You might think, after all this, that an Australian passport would be a formality. Nope. A different department presents new challenges, largely in the form of the Post Office, agents for the Passport Office. Last week I was in my local PO and witnessed a poor chap having his passport applications rejected. He'd used blue ink; his signature had escaped the box; and his children's birth certificates were not quite in order. He didn't say a word; he just looked awfully dejected, and completely lacking in the will to continue.
My friend and I checked each other's paperwork, and then checked it again. And one more time. Then, last Saturday, we took in the forms, with trepidation, citizenship certificates, Queensland driving licences, Medicare cards, and photographs duly witnessed by yet more Aussie citizens who'd known us for three years. We'd written in black and kept within the boxes. But we didn't get far: we didn't have our birth certificates with us. They hadn't been included in the list of documents required but were mentioned elsewhere on the form and we hadn't noticed. My photograph was rejected: I was ever-so-slightly inclining my face; my fringe was too long; and the hair at one side was obscuring my face. It wasn't hiding an eye or anything important, just cheek extremities. In addition, we hadn't initialed changes. (When you're afraid of making mistakes on a serious form, you're sure as hell going to make some, aren't you?) My photo-verifier had made a mistake in the naming of names; and my friend's photo-verifier had used blue ink. Go back to start.
My friend took his form into a PO near his office yesterday. His photo was rejected: it was too small, even though it had been taken there, last year. They took another one, and approved his application to go into the system. This morning, I returned to the same place as on Saturday, with most amendments as requested. A different person checked it. He had a query about my birth certificate that I couldn't have answered to save my life: why did it say 'Third' after the name of the town of my birth? I had never noticed that. I guessed wildly: 'Third administrative district?'. He would have to add 'Third' to my application form, he explained, or there'd be a discrepancy with the accompanying photocopy of my birth certificate. 'But, please,' I said in a small voice, 'They won't put "Stockport Third" as Place of Birth on the passport, will they, because there's no such place in the UK?' He went away to call the Department, and then noted my request on the form. He made no comment whatsoever about my photo, unchanged since Saturday. I paid the $254 fee, my application went into the system, and I left as quickly as possible.

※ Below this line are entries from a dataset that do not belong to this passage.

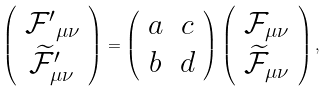Convert formula to latex. <formula><loc_0><loc_0><loc_500><loc_500>\left ( \begin{array} { c } { \mathcal { F } ^ { \prime } } _ { \mu \nu } \\ \widetilde { \mathcal { F } } _ { \mu \nu } ^ { \prime } \end{array} \right ) = \left ( \begin{array} { c c } a & c \\ b & d \end{array} \right ) \left ( \begin{array} { c } \mathcal { F } _ { \mu \nu } \\ \widetilde { \mathcal { F } } _ { \mu \nu } \end{array} \right ) ,</formula> 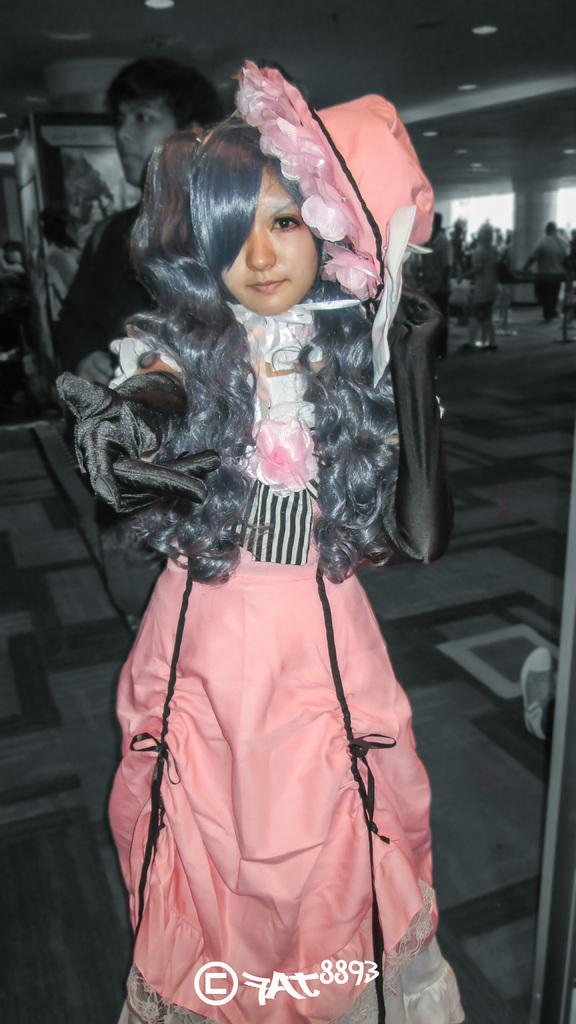What is the main subject of the image? There is a woman standing in the image. Can you describe the background of the image? There are people visible in the background of the image, and there is a floor. What is located at the top of the image? Lights are present at the top of the image. What is the woman's income in the image? There is no information about the woman's income in the image. Is there a road visible in the image? There is no road visible in the image. 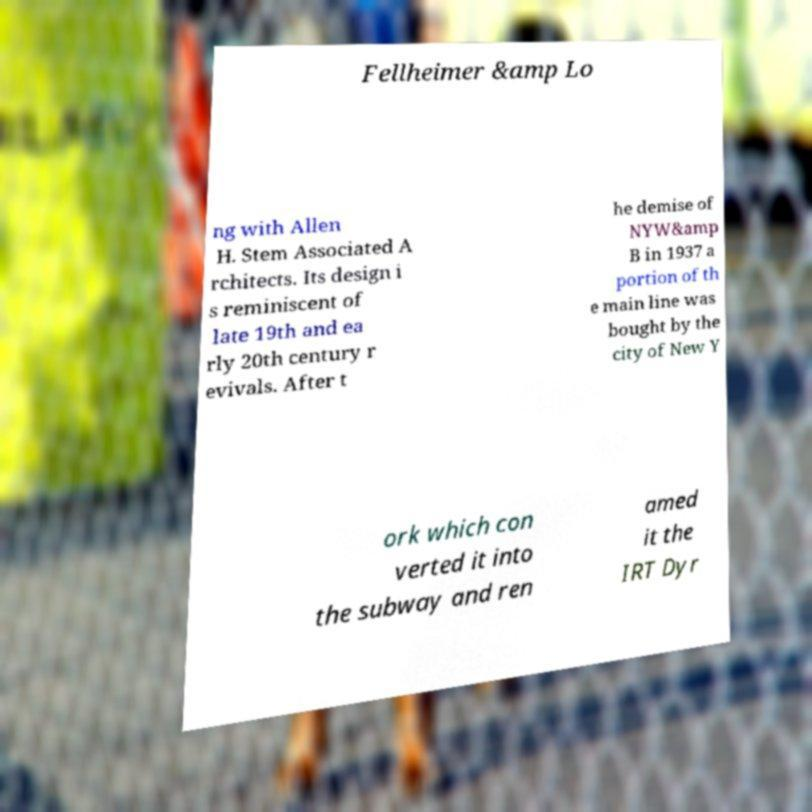Could you assist in decoding the text presented in this image and type it out clearly? Fellheimer &amp Lo ng with Allen H. Stem Associated A rchitects. Its design i s reminiscent of late 19th and ea rly 20th century r evivals. After t he demise of NYW&amp B in 1937 a portion of th e main line was bought by the city of New Y ork which con verted it into the subway and ren amed it the IRT Dyr 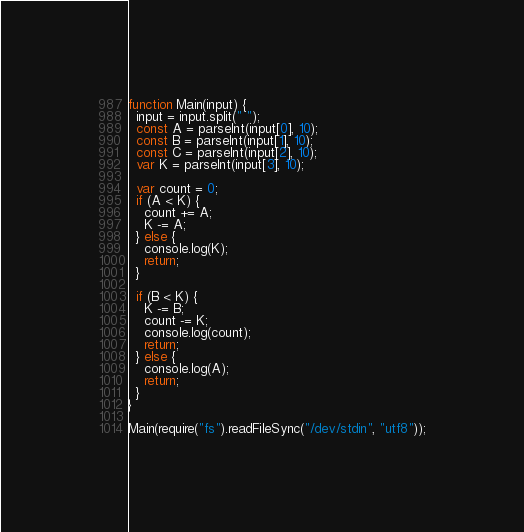<code> <loc_0><loc_0><loc_500><loc_500><_JavaScript_>function Main(input) {
  input = input.split(" ");
  const A = parseInt(input[0], 10);
  const B = parseInt(input[1], 10);
  const C = parseInt(input[2], 10);
  var K = parseInt(input[3], 10);

  var count = 0;
  if (A < K) {
    count += A;
    K -= A;
  } else {
    console.log(K);
    return;
  }

  if (B < K) {
    K -= B;
    count -= K;
    console.log(count);
    return;
  } else {
    console.log(A);
    return;
  }
}

Main(require("fs").readFileSync("/dev/stdin", "utf8"));
</code>

Others have mentioned a high rejection rate; how they took the same form to a different PO and had it accepted. If my friend and I hadn't had two different experiences on two different occasions I might have some faith that new Aussie passports will eventuate (at the end of a maximum of 21 working days) without further ado. But I know we're not out of the woods yet. I know some random nit-picky job's-worth processor in the Passport Office – if their bus was late, or they were having a bad hair day, or their favourite team lost the footie last night – might take exception to my fringe. I'm also afraid I'm tempting fate by writing this before I'm clutching an Australian passport in my clammy little hand.
Go back to start? I'm just not sure I could bear it.